There is $2K lease credit on MY18 X5 all model.
40e has additional $3k iperformance lease credit.

Only X3 and 3er has 1500 loyalty rebate.

Unless MJB can confirm otherwise.

Update: Confirmed- this is for west region.


----------



## mjsbmw (Jan 5, 2008)

Infosec said:


> Only showing for 40e and that is plug in credit.


Scroll to the 2018 x5 (eg.xDrive35 for $699 a month)

Click on "important information" and open

You will see the $3000 holiday credit. Just need to read the "fine print"

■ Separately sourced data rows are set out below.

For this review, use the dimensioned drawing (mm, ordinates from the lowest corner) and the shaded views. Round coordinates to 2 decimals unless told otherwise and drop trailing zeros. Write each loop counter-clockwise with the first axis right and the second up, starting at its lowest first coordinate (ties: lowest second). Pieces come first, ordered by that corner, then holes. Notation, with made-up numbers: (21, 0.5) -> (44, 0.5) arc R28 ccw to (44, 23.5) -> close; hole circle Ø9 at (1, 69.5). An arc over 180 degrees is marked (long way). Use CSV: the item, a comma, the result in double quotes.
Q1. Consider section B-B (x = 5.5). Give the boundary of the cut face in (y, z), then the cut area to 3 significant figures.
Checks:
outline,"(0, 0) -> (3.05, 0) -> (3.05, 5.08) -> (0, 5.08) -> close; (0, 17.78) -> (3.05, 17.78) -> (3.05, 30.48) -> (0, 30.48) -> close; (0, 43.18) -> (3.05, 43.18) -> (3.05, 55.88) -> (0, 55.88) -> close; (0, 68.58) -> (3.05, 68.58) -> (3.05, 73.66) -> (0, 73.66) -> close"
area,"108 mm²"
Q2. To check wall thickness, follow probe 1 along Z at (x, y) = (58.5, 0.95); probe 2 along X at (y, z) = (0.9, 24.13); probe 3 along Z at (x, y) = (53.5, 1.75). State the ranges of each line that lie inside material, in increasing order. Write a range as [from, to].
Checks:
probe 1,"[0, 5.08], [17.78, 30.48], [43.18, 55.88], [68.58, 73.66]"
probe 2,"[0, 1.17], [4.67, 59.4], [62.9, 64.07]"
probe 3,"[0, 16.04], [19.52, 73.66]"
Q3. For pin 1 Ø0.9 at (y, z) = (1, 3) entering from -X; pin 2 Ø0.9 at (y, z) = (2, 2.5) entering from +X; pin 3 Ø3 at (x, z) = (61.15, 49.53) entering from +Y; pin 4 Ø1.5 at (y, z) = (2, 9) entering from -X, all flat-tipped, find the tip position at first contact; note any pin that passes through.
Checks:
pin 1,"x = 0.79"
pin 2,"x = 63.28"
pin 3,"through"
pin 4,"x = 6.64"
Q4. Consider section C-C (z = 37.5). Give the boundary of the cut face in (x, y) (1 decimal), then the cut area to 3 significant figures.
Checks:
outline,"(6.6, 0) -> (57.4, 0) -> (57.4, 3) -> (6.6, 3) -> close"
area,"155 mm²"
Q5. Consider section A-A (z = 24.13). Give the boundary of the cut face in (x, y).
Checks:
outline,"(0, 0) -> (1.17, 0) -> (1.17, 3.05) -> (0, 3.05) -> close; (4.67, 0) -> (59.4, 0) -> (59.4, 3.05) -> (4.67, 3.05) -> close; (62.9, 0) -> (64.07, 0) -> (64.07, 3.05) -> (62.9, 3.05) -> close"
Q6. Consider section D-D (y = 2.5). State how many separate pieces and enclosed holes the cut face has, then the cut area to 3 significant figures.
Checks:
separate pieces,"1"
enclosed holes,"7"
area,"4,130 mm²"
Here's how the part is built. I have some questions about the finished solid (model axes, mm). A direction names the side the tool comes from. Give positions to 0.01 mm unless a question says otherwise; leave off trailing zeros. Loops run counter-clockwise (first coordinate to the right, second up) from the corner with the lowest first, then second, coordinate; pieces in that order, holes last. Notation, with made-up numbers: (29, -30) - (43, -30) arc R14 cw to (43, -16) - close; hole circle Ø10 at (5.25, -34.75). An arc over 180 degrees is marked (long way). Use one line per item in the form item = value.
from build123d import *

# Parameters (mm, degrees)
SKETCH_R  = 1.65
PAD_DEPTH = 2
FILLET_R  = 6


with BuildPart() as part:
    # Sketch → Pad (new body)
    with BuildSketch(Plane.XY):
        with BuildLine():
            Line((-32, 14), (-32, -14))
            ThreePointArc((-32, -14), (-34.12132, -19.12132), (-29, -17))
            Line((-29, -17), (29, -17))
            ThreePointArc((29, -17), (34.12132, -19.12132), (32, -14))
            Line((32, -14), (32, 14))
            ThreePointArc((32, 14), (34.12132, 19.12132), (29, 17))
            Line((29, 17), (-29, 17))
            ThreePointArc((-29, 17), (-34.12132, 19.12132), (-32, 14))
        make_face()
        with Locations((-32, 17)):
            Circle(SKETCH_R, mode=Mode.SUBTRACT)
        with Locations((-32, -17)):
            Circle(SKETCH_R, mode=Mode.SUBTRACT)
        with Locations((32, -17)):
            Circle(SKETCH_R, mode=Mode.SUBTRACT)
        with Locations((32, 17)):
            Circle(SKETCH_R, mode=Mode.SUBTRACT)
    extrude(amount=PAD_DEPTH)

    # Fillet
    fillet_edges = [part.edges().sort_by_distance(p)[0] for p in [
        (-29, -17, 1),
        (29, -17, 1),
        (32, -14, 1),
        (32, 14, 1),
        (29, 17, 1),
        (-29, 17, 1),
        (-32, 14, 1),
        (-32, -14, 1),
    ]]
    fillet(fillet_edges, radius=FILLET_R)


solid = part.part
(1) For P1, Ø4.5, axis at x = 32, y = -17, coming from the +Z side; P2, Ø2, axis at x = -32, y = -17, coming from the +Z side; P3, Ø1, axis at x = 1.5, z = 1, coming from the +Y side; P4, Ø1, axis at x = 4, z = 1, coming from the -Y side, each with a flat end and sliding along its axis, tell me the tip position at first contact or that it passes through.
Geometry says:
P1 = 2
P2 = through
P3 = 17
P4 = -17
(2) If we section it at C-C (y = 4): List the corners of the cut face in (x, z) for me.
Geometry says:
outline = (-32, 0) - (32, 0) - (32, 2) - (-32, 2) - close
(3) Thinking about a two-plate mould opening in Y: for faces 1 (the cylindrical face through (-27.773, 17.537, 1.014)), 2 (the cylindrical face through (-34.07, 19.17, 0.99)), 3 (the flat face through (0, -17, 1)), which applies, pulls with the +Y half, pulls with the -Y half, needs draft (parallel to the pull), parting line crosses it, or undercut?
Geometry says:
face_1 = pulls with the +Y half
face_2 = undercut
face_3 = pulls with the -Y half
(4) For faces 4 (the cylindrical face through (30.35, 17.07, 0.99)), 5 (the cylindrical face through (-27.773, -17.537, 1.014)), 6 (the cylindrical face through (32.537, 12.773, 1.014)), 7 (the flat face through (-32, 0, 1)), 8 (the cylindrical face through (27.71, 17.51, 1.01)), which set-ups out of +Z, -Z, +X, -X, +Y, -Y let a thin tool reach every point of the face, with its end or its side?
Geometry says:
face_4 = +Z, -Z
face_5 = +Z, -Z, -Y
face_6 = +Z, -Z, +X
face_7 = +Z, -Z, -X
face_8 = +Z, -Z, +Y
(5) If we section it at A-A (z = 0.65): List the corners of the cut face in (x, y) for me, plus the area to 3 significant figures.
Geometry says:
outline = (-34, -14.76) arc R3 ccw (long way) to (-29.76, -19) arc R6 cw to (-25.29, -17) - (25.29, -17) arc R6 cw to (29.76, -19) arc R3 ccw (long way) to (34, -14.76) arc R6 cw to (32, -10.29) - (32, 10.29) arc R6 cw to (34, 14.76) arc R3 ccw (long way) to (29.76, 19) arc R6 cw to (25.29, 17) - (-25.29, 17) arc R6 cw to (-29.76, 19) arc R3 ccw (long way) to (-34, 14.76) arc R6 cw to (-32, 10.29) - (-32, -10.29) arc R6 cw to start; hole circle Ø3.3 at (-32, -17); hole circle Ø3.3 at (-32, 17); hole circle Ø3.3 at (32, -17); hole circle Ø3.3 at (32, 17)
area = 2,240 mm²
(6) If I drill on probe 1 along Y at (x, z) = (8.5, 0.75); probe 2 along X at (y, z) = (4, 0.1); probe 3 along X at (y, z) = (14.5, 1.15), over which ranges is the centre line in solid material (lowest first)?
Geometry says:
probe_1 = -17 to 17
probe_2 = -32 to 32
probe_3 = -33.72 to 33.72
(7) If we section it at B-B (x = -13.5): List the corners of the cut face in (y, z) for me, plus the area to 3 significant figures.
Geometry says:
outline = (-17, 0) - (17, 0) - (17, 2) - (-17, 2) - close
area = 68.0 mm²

I am not sure why BMWUSA makes it more difficult to see. Early yesterday the $3000 was on the offers page. By evening, it was buried in the fine print.


----------



## mjsbmw (Jan 5, 2008)

Screen shot


----------



## Infosec (Feb 11, 2014)

mjsbmw said:


> Screen shot


Looks to me regional program (east coast)

None on the west coast.

Verified. Changed zip code and voila.

****er giving 6k in the east for 40e vs 5k in the west region.


----------



## penet05 (Mar 24, 2011)

Is there a loyalty incentive for 2017 or 2018 X5? If yes, does the current car have to be an X5?


----------



## skier (Oct 19, 2004)

orion141 said:


> Did I see correctly that there is $1000 holiday cash for the 2018 x3 30i as well? Is this stackable with loyalty and fleet discount?





MJBrown62 said:


> Yes, and the way BMW is doing it now all three categories are stackable: Lease/APR Credit, Lease/APR Loyalty, and CorpFleet.
> 
> USAA, College Grad, and CCA credits can't be combined with Fleet or each other. Pick one of those 4.

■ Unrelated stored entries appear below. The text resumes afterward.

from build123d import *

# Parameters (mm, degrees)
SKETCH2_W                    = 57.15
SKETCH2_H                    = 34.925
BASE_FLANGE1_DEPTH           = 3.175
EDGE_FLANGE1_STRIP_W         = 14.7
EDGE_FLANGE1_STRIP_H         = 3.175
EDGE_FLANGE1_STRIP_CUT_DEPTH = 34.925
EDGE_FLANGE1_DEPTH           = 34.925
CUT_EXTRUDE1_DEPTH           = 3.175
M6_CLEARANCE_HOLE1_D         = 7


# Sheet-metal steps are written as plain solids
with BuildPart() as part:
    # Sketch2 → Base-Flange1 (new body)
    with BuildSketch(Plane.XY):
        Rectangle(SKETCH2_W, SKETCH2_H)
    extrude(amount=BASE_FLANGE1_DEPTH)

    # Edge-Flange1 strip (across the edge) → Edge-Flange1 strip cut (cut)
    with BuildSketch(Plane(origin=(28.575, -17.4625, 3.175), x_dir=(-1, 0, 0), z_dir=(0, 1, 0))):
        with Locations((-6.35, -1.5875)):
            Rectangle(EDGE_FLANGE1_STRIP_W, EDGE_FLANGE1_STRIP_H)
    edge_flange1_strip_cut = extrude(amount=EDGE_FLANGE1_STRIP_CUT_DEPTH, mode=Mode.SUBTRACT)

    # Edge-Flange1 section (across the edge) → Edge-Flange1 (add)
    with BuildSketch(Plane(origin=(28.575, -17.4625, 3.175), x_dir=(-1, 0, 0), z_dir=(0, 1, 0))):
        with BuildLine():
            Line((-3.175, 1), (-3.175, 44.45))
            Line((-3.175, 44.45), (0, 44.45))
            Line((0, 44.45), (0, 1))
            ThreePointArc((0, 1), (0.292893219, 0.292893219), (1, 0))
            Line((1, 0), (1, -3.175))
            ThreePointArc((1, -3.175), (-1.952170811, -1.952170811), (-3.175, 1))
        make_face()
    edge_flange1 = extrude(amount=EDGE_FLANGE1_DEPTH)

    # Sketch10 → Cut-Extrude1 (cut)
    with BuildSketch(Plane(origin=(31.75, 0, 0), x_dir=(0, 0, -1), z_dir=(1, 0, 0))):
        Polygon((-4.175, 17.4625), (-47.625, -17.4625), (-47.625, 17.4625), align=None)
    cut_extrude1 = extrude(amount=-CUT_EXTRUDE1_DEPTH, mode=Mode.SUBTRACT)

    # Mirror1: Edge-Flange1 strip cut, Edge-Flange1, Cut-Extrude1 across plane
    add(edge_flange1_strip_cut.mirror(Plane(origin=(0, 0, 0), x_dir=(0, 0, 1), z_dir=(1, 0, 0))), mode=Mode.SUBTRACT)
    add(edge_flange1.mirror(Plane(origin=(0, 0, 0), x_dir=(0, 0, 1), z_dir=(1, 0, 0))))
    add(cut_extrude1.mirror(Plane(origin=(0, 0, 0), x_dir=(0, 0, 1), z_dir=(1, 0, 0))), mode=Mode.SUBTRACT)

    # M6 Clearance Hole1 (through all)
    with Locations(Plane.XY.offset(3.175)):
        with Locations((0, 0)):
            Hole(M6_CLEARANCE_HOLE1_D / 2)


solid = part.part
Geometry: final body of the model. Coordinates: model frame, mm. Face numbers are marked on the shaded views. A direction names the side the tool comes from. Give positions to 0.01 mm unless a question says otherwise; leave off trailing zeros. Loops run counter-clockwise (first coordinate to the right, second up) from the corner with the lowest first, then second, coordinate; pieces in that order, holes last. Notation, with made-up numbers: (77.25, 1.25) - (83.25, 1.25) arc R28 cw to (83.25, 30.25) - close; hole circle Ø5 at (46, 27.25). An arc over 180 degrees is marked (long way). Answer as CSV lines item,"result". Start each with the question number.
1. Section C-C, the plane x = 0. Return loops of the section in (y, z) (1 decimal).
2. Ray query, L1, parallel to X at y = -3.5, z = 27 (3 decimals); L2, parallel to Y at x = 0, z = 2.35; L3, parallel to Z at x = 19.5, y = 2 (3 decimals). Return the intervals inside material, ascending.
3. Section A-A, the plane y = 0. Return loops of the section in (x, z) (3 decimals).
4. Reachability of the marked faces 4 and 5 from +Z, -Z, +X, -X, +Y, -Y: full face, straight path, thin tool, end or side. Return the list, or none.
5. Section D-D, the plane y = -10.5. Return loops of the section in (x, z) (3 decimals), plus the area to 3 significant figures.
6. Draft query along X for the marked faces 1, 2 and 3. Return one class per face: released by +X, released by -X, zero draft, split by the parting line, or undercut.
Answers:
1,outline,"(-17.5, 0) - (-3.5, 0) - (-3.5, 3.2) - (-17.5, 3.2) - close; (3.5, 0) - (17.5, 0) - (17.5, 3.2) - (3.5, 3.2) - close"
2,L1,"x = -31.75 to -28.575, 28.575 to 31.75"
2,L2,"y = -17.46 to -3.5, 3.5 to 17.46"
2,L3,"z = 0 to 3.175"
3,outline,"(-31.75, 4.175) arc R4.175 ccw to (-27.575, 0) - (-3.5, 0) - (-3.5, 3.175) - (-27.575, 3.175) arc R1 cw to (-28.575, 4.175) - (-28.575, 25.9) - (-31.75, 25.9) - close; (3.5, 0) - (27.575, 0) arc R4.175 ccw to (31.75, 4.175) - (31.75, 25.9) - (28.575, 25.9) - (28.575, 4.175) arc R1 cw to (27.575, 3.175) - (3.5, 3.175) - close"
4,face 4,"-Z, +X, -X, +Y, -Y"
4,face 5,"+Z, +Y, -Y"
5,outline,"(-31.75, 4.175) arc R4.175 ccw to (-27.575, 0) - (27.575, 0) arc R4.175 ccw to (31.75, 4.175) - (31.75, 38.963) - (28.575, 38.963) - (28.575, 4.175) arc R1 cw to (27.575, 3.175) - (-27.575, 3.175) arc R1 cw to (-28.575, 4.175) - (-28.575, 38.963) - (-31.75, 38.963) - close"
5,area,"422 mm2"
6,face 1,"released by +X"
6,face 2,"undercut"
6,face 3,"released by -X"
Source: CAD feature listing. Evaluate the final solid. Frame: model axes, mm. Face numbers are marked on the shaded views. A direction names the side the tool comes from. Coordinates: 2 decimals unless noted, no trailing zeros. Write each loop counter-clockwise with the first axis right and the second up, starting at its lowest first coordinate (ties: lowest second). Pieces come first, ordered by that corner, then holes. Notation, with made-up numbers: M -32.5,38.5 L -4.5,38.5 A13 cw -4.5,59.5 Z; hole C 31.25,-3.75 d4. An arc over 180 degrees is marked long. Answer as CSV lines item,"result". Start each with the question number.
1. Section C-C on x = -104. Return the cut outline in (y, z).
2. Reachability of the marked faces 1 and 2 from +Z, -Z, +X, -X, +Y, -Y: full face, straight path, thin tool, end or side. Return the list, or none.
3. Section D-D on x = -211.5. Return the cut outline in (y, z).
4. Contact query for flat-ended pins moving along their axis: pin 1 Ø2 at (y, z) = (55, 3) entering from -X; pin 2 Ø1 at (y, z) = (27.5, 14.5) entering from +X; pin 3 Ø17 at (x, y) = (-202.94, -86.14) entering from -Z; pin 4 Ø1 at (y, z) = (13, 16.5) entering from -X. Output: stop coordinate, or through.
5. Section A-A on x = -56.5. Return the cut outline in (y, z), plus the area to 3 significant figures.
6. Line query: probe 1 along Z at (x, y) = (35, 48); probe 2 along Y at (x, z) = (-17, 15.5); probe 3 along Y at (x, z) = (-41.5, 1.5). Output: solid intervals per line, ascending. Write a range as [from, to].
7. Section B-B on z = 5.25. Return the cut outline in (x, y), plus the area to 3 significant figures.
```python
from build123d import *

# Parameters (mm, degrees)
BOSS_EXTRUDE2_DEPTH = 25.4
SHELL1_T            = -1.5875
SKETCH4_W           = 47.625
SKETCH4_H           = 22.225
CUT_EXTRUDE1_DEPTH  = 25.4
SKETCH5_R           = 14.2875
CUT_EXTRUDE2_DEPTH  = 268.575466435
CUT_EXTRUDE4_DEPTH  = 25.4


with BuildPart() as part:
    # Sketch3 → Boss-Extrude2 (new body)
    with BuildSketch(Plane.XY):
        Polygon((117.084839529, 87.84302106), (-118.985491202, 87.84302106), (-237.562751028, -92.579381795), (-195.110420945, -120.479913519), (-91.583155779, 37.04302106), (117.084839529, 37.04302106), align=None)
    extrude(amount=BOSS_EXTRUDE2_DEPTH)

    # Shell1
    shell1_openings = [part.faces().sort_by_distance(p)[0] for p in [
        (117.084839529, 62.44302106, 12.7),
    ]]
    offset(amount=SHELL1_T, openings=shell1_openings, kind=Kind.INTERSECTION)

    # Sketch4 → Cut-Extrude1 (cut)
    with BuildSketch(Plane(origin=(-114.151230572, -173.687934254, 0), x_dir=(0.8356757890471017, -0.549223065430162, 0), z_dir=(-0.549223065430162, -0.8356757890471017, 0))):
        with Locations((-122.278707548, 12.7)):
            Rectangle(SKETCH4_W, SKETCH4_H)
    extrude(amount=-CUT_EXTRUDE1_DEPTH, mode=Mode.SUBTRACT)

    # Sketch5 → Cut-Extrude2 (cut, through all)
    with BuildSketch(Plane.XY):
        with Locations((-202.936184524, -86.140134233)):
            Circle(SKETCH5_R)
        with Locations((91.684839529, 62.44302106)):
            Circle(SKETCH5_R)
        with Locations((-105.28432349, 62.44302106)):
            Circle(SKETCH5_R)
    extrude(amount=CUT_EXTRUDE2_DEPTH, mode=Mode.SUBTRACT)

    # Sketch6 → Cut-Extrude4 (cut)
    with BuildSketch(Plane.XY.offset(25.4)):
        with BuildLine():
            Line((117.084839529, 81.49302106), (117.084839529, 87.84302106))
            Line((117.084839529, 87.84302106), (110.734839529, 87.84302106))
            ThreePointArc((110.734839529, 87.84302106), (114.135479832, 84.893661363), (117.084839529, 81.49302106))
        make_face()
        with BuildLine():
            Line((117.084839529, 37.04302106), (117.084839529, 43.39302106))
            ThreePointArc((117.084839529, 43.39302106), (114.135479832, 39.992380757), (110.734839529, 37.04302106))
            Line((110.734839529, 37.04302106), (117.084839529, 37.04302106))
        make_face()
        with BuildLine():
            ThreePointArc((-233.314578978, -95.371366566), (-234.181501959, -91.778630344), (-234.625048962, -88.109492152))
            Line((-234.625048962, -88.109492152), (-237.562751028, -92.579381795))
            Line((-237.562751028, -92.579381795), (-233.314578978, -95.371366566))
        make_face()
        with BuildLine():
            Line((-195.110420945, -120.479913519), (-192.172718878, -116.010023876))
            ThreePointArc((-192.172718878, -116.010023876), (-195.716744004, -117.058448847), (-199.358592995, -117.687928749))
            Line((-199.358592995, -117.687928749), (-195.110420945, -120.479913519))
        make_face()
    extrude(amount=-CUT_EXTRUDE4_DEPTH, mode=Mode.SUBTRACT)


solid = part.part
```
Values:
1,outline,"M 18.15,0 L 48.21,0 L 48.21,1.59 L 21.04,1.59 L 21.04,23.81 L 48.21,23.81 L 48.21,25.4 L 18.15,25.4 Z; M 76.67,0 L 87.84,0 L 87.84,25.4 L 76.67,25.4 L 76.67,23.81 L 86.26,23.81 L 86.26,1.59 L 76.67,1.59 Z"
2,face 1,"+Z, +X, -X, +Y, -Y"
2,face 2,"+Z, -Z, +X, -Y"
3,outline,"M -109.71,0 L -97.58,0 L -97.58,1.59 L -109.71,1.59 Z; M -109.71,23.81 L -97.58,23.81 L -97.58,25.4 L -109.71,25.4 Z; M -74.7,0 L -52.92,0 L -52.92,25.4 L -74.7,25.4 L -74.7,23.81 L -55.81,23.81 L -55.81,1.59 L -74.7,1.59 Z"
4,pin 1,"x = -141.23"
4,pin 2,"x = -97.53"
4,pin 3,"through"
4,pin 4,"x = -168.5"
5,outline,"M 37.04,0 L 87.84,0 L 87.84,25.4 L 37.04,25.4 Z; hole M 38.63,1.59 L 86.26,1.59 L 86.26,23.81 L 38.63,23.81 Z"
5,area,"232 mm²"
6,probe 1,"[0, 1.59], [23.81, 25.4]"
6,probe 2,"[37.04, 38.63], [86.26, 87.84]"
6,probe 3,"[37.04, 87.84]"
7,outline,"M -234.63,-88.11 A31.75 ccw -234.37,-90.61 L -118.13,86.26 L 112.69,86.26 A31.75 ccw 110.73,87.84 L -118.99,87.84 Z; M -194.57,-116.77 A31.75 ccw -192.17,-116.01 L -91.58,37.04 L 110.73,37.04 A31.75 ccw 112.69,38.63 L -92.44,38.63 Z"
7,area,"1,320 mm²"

Does the $1K holiday cash apply to 2016 X3 m40i as well? BTW - bmwusa.com shows no holiday cash for 2018 X3's.


----------



## the_fox (Jul 6, 2006)

skier said:


> Does the $1K holiday cash apply to 2018 X3 m40i as well? BTW - bmwusa.com shows no holiday cash for 2018 X3's.

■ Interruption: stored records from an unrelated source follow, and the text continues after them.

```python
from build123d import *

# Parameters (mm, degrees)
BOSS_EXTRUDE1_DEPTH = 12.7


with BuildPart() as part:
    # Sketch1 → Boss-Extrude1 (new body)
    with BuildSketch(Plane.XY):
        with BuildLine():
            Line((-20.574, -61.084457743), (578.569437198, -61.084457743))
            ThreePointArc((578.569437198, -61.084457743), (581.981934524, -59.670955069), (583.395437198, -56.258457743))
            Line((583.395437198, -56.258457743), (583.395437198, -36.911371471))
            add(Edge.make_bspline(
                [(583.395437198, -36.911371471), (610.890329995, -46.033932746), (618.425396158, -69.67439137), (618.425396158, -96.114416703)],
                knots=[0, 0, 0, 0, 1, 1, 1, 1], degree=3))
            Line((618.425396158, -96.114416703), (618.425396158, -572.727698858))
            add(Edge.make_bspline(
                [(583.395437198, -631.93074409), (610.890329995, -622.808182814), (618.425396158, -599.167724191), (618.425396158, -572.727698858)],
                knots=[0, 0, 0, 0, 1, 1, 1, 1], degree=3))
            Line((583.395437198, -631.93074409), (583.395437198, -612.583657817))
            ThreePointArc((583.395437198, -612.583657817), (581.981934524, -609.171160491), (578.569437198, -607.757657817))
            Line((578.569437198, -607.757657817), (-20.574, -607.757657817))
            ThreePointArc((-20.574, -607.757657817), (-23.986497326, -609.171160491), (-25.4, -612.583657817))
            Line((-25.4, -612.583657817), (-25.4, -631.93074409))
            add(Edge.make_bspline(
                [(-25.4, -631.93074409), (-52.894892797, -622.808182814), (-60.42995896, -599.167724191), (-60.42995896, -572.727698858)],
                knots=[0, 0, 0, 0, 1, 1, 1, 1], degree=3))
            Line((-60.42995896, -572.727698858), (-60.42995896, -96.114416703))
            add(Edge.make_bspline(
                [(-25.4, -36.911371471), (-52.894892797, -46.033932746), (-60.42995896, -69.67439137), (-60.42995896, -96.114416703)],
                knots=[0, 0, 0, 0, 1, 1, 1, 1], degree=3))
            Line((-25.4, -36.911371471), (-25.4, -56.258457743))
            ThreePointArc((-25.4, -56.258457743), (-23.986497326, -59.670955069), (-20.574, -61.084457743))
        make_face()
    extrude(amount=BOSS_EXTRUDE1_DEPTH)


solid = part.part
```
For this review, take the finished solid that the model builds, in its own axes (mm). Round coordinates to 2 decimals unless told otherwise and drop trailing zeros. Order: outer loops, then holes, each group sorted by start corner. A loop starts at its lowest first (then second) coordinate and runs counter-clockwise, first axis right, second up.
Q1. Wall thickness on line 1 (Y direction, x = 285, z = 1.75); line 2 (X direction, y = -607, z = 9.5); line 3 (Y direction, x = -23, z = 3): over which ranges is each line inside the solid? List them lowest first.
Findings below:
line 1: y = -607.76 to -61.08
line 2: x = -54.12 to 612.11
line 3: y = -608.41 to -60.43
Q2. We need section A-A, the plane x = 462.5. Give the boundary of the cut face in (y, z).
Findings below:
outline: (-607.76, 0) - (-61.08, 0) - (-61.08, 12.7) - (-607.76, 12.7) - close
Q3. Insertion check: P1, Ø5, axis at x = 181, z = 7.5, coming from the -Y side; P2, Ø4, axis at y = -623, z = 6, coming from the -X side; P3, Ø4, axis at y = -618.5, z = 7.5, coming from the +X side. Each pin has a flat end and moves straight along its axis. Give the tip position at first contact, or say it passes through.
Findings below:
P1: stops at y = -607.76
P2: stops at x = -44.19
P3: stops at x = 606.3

Yes it does apply; it's on the site, just keep scrolling down. I missed it too initially.

Still wondering if the loyalty for 2018 X3 applies now regardless of your current car. Last month it only applied to current X3 owners. Anyone know if the program changed/expanded?


----------



## mjsbmw (Jan 5, 2008)

penet05 said:


> Is there a loyalty incentive for 2017 or 2018 X5? If yes, does the current car have to be an X5?


There is no loyalty $$ for X5. Only $3K holiday credit.


----------



## RNNY (Nov 2, 2014)

Is there any loyalty rebate for the 4 series?
Holiday incentive is 2k

Is this the holiday event ? Could have sworn in the past they had there winter/holiday event run from November to December.


----------



## sky (Aug 22, 2003)

Is there Loyalty credit for '18 M3? I read on another forum that there is $1500 for that...someone verify that? Thx


----------



## Ibiza (Jun 15, 2007)

*2018 Holiday & Loyalty Credits*



RNNY said:


> Is there any loyalty rebate for the 4 series?
> Holiday incentive is 2k
> 
> Is this the holiday event ? Could have sworn in the past they had there winter/holiday event run from November to December.


Answered post #5. $750. Winter sales event hasn't been announced. BMW NA is seeing how many customers consume the appetizer $ this month, prior to December entree $$$. Year end budget numbers will have to be hit.


----------



## Ibiza (Jun 15, 2007)

sky said:


> Is there Loyalty credit for '18 M3? I read on another forum that there is $1500 for that...someone verify that? Thx


Answered post #5. $1500. Expires 11/30/2017.


----------



## sky (Aug 22, 2003)

Ibiza said:


> sky said:
> 
> 
> > Is there Loyalty credit for '18 M3? I read on another forum that there is $1500 for that...someone verify that? Thx
> ...


Thx, but it doesn't mention M series. Is the M3 included with the standard 3's?


----------



## drunkm0nk3y (Feb 16, 2015)

Ibiza said:


> Winter sales event hasn't been announced. BMW NA is seeing how many customers consume the appetizer $ this month, prior to December entree $$$. Year end budget numbers will have to be hit.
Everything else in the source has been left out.